Search code examples
rocrtesseract

Can I extract certain words from this image using tesseract ocr package in R?


I have tried using the ocr tesseract package in R to extract text from a png image (below)

png image

The text is mostly in Spanish. Here is my code:

library(tesseract)
#tesseract_download("spa") #download the Spanish train data if you haven't already
spanish <- tesseract("spa")
path_string <- "factura.png"
text <- ocr(path_string, engine = spanish)
cat(text)

But the result is disappointing.

ném…c……
…r …
nw£ccwm … m…… u
mmm …"
pz… u—=,:4| nm;
mmmnzvgm 3134
NUM“ vmnscwm
cuaw ……er
nmcmvcn4 c…r vum
£m|unmusnm . u7m
¡…una
suma… ……
ncm u|s
m:s .
mm u7m
cmmo 1240
nmrAm au…va m m
m.
515 mu .…
…
=mmnzmo
a… rn¿a> rc.¿… ……
u7m
Rm mmm… swmks
…… mmm
m…—
Guuumwsucmm

Is this poor result due to low dpi? Would it be possible to improve this by tinkering with the pre-processing?

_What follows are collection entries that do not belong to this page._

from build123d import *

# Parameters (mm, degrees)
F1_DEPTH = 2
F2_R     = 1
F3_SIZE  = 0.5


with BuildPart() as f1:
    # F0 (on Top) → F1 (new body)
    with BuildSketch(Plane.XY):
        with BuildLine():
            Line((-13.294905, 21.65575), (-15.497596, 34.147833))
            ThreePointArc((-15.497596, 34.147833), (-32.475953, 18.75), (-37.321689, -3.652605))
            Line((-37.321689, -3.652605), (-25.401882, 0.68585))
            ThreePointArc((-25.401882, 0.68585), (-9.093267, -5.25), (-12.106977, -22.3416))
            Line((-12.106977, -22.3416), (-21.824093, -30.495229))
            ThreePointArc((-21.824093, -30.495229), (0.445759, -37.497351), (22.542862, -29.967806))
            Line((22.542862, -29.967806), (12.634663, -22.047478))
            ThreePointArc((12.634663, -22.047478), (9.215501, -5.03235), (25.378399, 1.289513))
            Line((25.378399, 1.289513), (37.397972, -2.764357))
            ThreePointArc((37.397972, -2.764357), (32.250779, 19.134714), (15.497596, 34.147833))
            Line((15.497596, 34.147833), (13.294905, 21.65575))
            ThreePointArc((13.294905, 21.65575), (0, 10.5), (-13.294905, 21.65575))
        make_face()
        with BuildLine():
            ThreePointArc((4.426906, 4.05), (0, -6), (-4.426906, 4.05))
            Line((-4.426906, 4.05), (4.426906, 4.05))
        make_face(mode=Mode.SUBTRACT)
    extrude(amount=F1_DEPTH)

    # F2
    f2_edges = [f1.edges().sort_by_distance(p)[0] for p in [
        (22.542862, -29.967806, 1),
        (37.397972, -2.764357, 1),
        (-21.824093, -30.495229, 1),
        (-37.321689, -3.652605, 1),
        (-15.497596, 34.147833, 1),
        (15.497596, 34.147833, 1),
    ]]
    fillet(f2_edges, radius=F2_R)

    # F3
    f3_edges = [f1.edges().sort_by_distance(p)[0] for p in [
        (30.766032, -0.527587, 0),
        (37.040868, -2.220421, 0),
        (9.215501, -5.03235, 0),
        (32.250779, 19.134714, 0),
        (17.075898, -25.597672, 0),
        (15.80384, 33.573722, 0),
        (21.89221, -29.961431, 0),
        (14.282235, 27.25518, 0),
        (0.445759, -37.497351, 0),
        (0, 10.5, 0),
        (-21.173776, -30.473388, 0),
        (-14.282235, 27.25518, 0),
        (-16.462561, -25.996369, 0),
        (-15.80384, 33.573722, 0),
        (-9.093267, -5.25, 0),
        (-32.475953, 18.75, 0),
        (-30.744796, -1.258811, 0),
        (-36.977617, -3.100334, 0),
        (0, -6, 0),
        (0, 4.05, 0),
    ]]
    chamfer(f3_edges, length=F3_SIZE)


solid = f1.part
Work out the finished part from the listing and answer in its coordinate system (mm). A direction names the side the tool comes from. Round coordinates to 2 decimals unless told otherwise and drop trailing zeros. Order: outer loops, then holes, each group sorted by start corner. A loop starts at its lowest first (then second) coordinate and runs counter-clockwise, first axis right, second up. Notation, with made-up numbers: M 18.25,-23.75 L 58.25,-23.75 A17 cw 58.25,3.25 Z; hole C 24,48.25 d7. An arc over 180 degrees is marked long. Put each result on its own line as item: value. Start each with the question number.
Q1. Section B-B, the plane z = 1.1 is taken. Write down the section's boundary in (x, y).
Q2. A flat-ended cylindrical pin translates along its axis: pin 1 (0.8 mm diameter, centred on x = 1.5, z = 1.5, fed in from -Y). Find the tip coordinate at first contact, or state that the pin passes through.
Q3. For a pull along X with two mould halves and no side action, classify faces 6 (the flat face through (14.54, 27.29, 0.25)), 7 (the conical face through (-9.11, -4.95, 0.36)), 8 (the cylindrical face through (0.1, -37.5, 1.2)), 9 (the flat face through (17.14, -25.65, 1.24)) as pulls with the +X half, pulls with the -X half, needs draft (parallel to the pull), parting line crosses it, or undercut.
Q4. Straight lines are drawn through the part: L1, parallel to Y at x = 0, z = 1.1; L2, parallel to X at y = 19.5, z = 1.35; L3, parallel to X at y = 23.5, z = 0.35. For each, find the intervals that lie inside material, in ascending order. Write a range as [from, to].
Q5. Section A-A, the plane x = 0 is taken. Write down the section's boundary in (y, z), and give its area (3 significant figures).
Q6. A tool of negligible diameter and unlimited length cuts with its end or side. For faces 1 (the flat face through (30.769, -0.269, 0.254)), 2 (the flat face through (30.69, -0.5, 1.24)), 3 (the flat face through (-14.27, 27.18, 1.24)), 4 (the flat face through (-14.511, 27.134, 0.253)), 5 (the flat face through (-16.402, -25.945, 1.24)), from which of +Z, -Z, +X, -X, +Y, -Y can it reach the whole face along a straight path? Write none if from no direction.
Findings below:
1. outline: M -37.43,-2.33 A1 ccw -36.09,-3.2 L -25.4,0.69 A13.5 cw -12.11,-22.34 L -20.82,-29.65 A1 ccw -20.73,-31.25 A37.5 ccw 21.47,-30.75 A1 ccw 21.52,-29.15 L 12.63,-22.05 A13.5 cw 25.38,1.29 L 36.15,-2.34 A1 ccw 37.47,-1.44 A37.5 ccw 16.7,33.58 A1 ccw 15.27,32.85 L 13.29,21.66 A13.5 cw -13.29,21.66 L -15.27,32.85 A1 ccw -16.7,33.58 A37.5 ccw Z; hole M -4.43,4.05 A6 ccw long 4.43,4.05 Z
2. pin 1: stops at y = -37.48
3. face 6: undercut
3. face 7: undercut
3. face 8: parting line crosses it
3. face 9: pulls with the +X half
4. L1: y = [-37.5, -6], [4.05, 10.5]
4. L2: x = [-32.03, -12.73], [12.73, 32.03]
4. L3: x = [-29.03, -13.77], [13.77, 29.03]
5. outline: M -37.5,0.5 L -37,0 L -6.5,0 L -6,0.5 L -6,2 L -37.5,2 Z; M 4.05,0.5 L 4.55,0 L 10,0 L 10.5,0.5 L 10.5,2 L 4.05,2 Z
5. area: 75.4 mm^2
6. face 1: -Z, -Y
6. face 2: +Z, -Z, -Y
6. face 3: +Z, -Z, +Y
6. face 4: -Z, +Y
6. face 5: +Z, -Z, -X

For each of these receipts, what I really need is just to pull out the line item with the word "equilibrio" and the value to the right of that (41,760 in this case). Can tesseract be told to focus only on certain words and to also pull out numbers?


Solution

  • I have been able with the following code :

    library(tesseract)
    library(magick)
    
    path_PDF <- "D:\\ymavy.pdf"
    path_PNG <- "D:\\ymavy.png"
    
    pdf(path_PDF, height = 12, width = 20)
    
    im <- image_read(path_PNG)
    plot(im)
    dev.off()
    
    text <- ocr(path_PDF)
    strsplit(text, "\n")
    
    [[1]]
     [1] "Réginen Comun"                   "NIT: $000808S5S-4"               "DIRECCION: Cra 68d#22b-71 L4"    "TELEFONO 4059003-3023099514"    
     [5] "FECHA 18-aqg0.-78 13:03:29"      "FACTURADE VENTA 312364"          "NOMBRE VENTAS CONTADO"           "CAJERO: ADMINISTRADOR"          
     [9] "DESCRIPCION CANT VALOR"          "EQUILIBRIOGATO j 41.760"         "FILHOTES"                        "SUBTOTAL 46,400"                
    [13] "DCTO. 4479"                      "ITEMS 1"                         "TOTAL 47,7650"                   "CAMBIO 8,240"                   
    [17] "TARIFAIVA BASE GRAVABLE VR.IVA"  "o% 0 0"                          "5% 39,771 1,888"                 "19% ) 0"                        
    [21] "-ORMAS DE PAGO"                  "“fectwo T.Débao T.Crédao Cuenta" "47,760 0 0 0"                    "RESOL. FACTURACION SISTEMA POS" 
    [25] "I8762005857222 2017-11-27"       "20086 al 1000000"                "GRACIAS POR SU COMPRA"          
    
    

    Basically, you convert the image to a PDF with an adjusted size. Afterwards, you use the OCR.